I just said that we live this way not expecting anything. But there is a reward to it. It’s the kind of reward that comes from being released of all burdens of needing reward. Said another way — what we find in this way is liberation from need, a letting go of the fear that we lack, a hope beyond the stability of our body’s wellbeing or our own financial status — we find that we are able to be released into God’s goodness and freely live unattached to wealth or power. In loving our enemies — we undermine the whole system that some need to get ahead or hold power. The love of enemies (as well as neighbors, friends, people we hold dear) — this unlimited love reorders the world.

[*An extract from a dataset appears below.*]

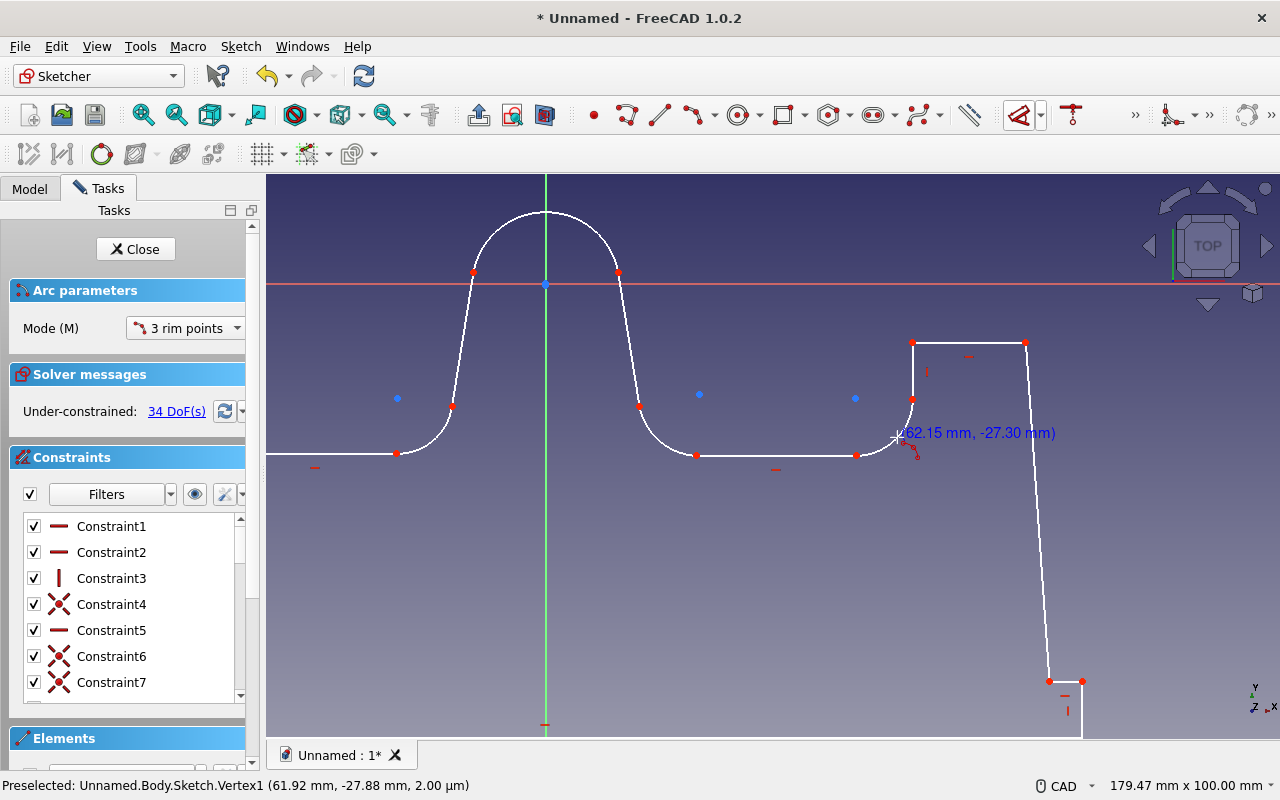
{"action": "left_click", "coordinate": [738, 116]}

It is a love of invitation. A love of expectation. A love that trusts God is up to something and God is setting people free — through love.
Living out of unlimited love
It is from this place of abundance, this place of receiving God’s grace and fullness, by coming fully-alive — it is here that we work from as we enter into the world to love our neighbors.
As I began today saying — we cannot love our enemies, truly, if we do not accept God’s love for us and the abundance it brings.
Think about your enemies
In closing, I want to ask you to do something courageous. Remember your enemies, the people we considered moments ago.
What does it look like to draw closer to them in the days ahead? To love them, to offer grace to them. To realize that their evil, their hatred, their enemy-ness — it’s coming from a place of hurt, a place of wounding. What would it look like to stand firm in your trust in God’s love and move toward that person in care and Christian friendship?
Could you take a small step in that direction? Could you, as one who has found your reward, engage mercy like Christ calls us to?
If you do find a way, know that you are equipped to do so not from your own power or goodness, but, blessedly, hopefully, by the abundant love of God which equips you, strengthens you, heals you, establishes you, and compels you forward in love.